WOZ-waarde bepaalt afschrijving in uw BV, hoe dat zo?
Afschrijfbeperking
De WOZ-waarde van uw bedrijfspand is bepalend of u nog op uw bedrijfspand mag afschrijven. Sinds 1Â januari 2019Â mag een BV op een bedrijfspand fiscaal nog maar afschrijven tot 100% van de WOZ-waarde (bodemwaarde), dus maakt afschrijving alleen nog kans indien de boekwaarde hoger is dan de WOZ-waarde.
Let op.  Het maakt voor BV’s dus niet meer uit of het pand in eigen gebruik is of als beleggingspand wordt aangehouden. De afschrijfbeperking geldt niet voor bedrijfsgebouwen die aangewezen zijn als milieubedrijfsmiddel en dus onder de Vamil-regeling zijn gerangschikt. Op zo’n bedrijfsgebouw mag gewoon willekeurig worden afgeschreven. Tip.  Als u reeds heeft afgeschreven tot op de bodemwaarde en deze waarde stijgt, dan hoeft u tussentijds geen winst te nemen. Winstneming vindt pas plaats bij verkoop.

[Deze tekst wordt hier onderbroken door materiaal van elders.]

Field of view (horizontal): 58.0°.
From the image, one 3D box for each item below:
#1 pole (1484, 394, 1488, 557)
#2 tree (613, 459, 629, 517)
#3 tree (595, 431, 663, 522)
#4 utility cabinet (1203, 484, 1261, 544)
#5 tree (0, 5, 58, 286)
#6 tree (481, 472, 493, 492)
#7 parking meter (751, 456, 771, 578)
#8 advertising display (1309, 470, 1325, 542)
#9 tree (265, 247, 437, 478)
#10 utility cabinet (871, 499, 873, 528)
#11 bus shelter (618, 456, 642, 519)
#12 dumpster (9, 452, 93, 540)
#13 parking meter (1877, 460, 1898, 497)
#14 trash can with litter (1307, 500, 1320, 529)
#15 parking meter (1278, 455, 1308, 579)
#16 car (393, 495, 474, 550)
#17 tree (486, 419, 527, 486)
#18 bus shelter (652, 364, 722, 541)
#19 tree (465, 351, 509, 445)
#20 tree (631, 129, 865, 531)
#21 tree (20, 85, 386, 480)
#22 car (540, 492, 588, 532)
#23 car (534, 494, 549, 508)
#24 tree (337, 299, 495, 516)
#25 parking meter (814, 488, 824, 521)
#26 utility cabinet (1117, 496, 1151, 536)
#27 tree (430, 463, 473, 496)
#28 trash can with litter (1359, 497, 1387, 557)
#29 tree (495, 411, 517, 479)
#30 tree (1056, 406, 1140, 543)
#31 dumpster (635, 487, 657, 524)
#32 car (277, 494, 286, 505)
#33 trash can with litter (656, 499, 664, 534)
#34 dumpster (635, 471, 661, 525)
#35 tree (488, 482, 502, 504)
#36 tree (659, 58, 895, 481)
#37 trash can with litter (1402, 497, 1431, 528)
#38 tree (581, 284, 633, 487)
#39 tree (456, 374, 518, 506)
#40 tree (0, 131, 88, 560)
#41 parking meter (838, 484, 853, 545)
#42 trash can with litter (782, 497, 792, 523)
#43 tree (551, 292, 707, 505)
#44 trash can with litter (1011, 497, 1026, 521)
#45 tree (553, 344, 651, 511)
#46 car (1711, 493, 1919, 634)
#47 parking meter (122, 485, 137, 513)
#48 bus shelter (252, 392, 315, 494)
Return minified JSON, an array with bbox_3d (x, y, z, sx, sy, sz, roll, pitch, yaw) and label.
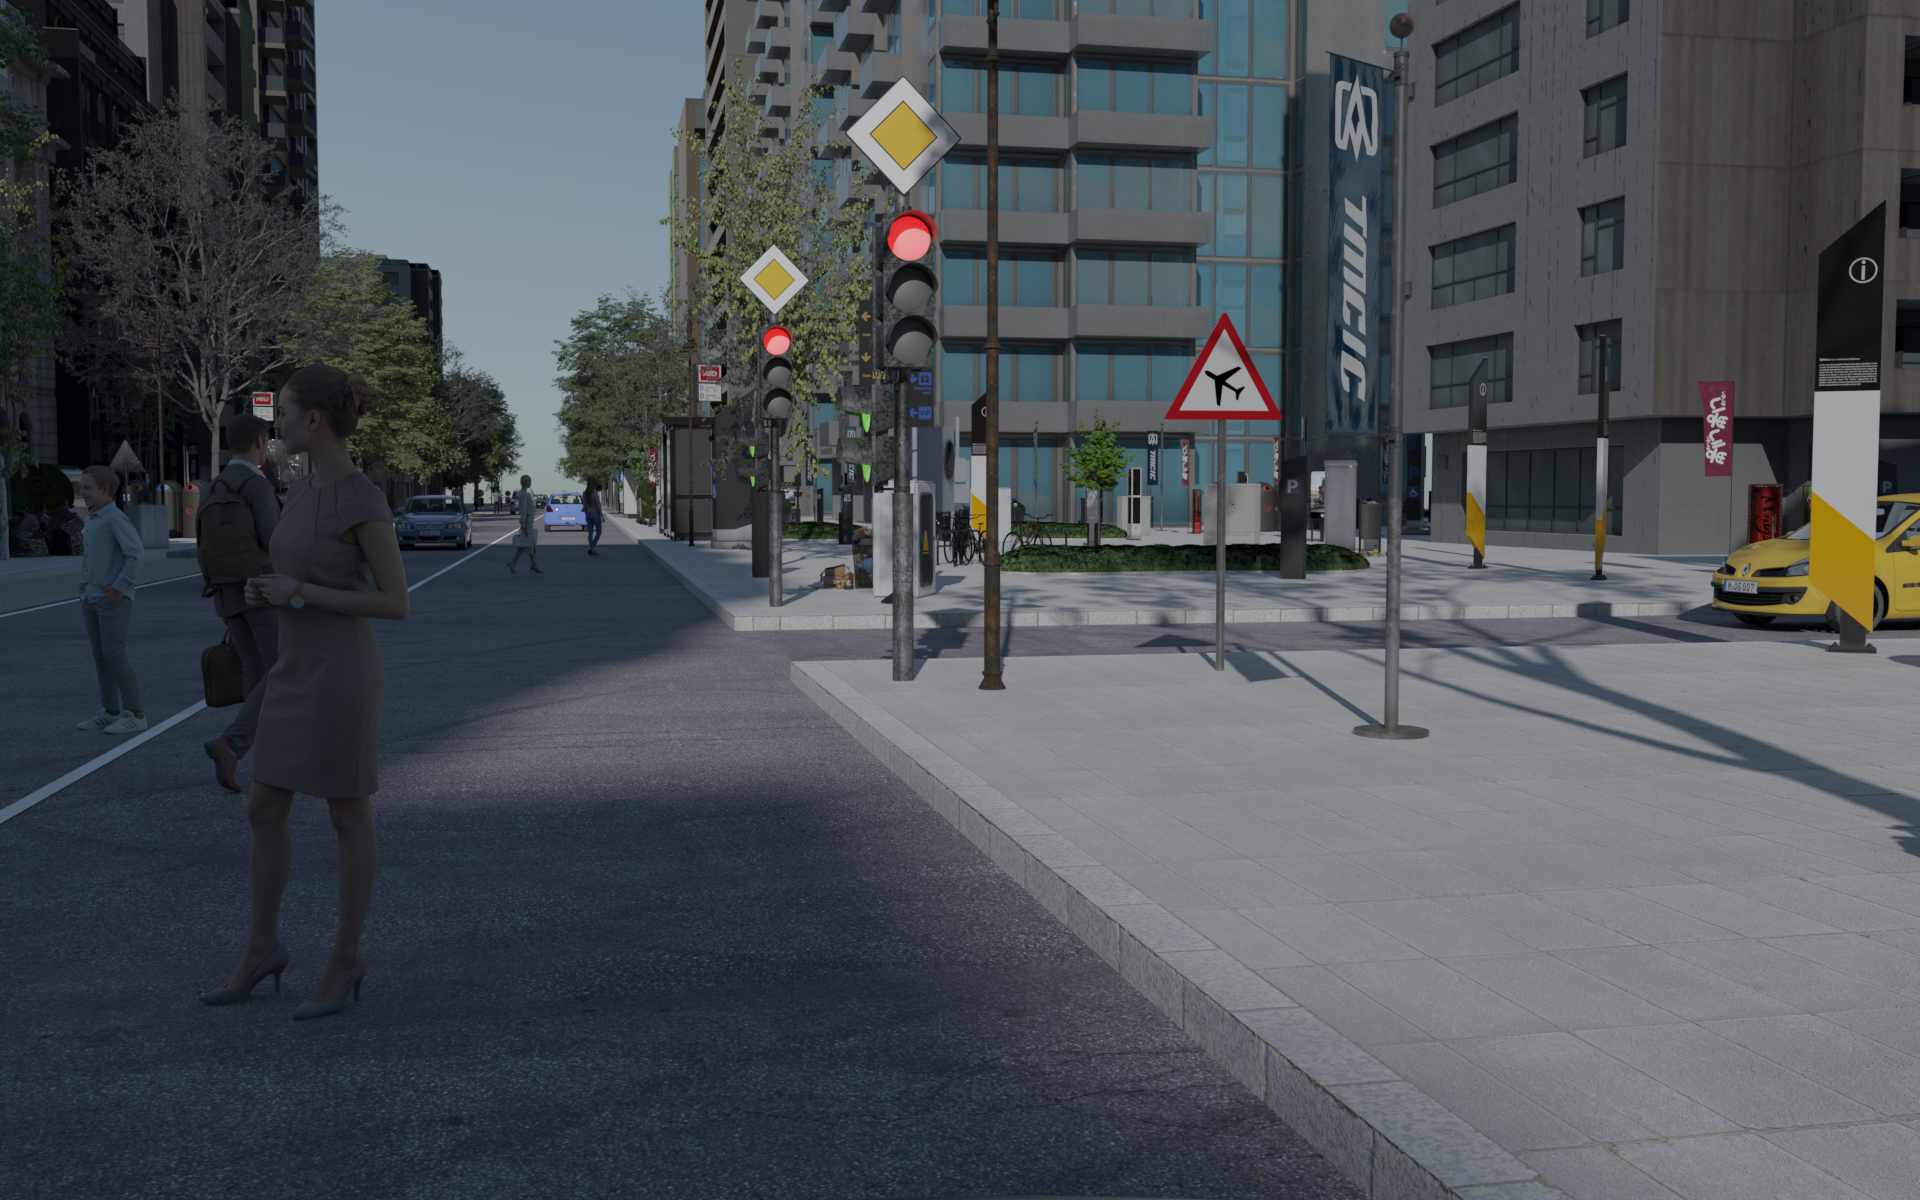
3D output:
[{"bbox_3d":[10.603,-2.530,35.202,0.158,3.312,0.155,0,3,0],"label":"pole"},{"bbox_3d":[-18.287,-6.157,95.266,1.663,3.219,1.824,0,3,0],"label":"tree"},{"bbox_3d":[-13.879,-5.903,80.227,4.285,4.588,4.351,0,3,0],"label":"tree"},{"bbox_3d":[5.726,-1.703,36.518,1.173,1.500,0.318,2,4,35],"label":"utility cabinet"},{"bbox_3d":[-16.413,-5.994,23.763,9.928,11.665,9.643,0,3,0],"label":"tree"},{"bbox_3d":[-58.900,-16.286,216.632,4.737,8.622,4.395,0,3,0],"label":"tree"},{"bbox_3d":[-3.032,-1.281,26.660,0.255,1.863,0.399,1,4,14],"label":"parking meter"},{"bbox_3d":[9.797,-2.505,46.176,0.974,1.923,0.123,2,4,32],"label":"advertising display"},{"bbox_3d":[-28.356,-9.921,80.330,7.486,12.596,7.792,0,3,0],"label":"tree"},{"bbox_3d":[-1.257,-1.008,27.647,0.306,1.237,1.020,0,4,-5],"label":"utility cabinet"},{"bbox_3d":[-16.179,-5.719,87.433,2.014,3.302,5.546,-1,4,-12],"label":"bus shelter"},{"bbox_3d":[-21.112,-2.308,40.230,1.502,2.255,1.985,-1,4,-12],"label":"dumpster"},{"bbox_3d":[15.531,-1.435,29.181,0.399,1.863,0.255,0,4,-8],"label":"parking meter"},{"bbox_3d":[12.842,-3.159,63.031,0.624,1.170,1.055,0,4,7],"label":"trash can with litter"},{"bbox_3d":[5.022,-1.250,26.143,0.399,1.863,0.255,1,4,22],"label":"parking meter"},{"bbox_3d":[-13.848,-2.060,45.688,2.014,1.417,4.499,-1,4,-13],"label":"car"},{"bbox_3d":[-63.851,-19.181,239.364,9.928,11.665,9.643,0,3,0],"label":"tree"},{"bbox_3d":[-7.894,-4.492,51.074,2.179,5.291,8.768,-1,4,-12],"label":"bus shelter"},{"bbox_3d":[-38.961,-13.404,129.524,12.009,13.543,11.850,0,3,0],"label":"tree"},{"bbox_3d":[-3.981,-5.224,35.774,4.360,8.622,3.978,0,3,0],"label":"tree"},{"bbox_3d":[-22.669,-8.686,52.392,12.009,13.543,11.850,0,3,0],"label":"tree"},{"bbox_3d":[-15.193,-3.499,66.803,1.945,1.707,3.694,-1,4,-14],"label":"car"},{"bbox_3d":[-40.020,-9.507,165.225,2.009,1.686,4.222,-1,4,-14],"label":"car"},{"bbox_3d":[-33.566,-11.311,101.944,9.611,12.733,9.660,0,3,0],"label":"tree"},{"bbox_3d":[-5.517,-3.623,67.648,0.372,1.533,0.369,0,3,0],"label":"parking meter"},{"bbox_3d":[5.265,-2.530,52.534,1.020,1.237,0.306,-2,4,-25],"label":"utility cabinet"},{"bbox_3d":[-42.737,-9.895,145.494,4.285,4.588,4.351,0,3,0],"label":"tree"},{"bbox_3d":[8.095,-1.514,35.818,2.233,1.210,1.678,-2,4,-23],"label":"trash can with litter"},{"bbox_3d":[-44.705,-14.576,155.322,9.611,12.733,9.660,0,3,0],"label":"tree"},{"bbox_3d":[3.045,-2.668,38.224,1.663,3.219,1.824,0,3,0],"label":"tree"},{"bbox_3d":[-13.515,-4.268,75.536,1.264,1.857,1.865,-1,4,-12],"label":"dumpster"},{"bbox_3d":[-10.533,-0.947,27.279,2.131,1.459,4.920,-1,4,-12],"label":"car"},{"bbox_3d":[-9.617,-2.739,56.171,0.624,1.170,1.055,-1,4,-19],"label":"trash can with litter"},{"bbox_3d":[-12.682,-4.239,71.800,1.502,2.255,1.985,-1,4,-12],"label":"dumpster"},{"bbox_3d":[-61.345,-14.312,228.603,1.663,3.219,1.824,0,3,0],"label":"tree"},{"bbox_3d":[-3.048,-4.882,30.176,4.737,8.622,4.395,0,3,0],"label":"tree"},{"bbox_3d":[16.254,-3.085,61.831,1.055,1.170,0.624,0,4,-3],"label":"trash can with litter"},{"bbox_3d":[-10.576,-6.654,59.159,4.360,8.622,3.978,0,3,0],"label":"tree"},{"bbox_3d":[-51.480,-16.955,183.873,9.857,13.997,8.962,0,3,0],"label":"tree"},{"bbox_3d":[-18.652,-5.065,33.167,4.737,8.622,4.395,0,3,0],"label":"tree"},{"bbox_3d":[-2.904,-2.179,44.045,0.372,1.533,0.369,0,3,0],"label":"parking meter"},{"bbox_3d":[-5.917,-2.948,59.580,0.624,1.170,1.055,-2,4,-34],"label":"trash can with litter"},{"bbox_3d":[-20.650,-12.302,107.796,9.857,13.997,8.962,0,3,0],"label":"tree"},{"bbox_3d":[2.073,-2.738,56.146,1.055,1.170,0.624,0,4,-7],"label":"trash can with litter"},{"bbox_3d":[-25.909,-13.080,130.857,9.611,12.733,9.660,0,3,0],"label":"tree"},{"bbox_3d":[10.129,-0.517,18.685,3.980,1.641,2.015,-1,4,-14],"label":"car"},{"bbox_3d":[-22.850,-2.403,47.693,0.372,1.533,0.369,0,3,0],"label":"parking meter"},{"bbox_3d":[-27.179,-5.694,70.721,2.179,5.291,8.768,-1,4,-12],"label":"bus shelter"}]

Voorbeeld.U heeft een bedrijfspand met een boekwaarde van € 1 miljoen. De WOZ-waarde is vastgesteld op € 1 miljoen. Dit houdt in dat de BV niet meer op het pand mag afschrijven. U laat het er echter niet bij zitten en laat het pand taxeren door een taxateur. De waarde van het pand is volgens de taxatie € 970.000. U maakt bezwaar tegen de WOZ-beschikking en de WOZ-waarde wordt nu vastgesteld op € 970.000. U kunt maximaal € 30.000 op het pand afschrijven.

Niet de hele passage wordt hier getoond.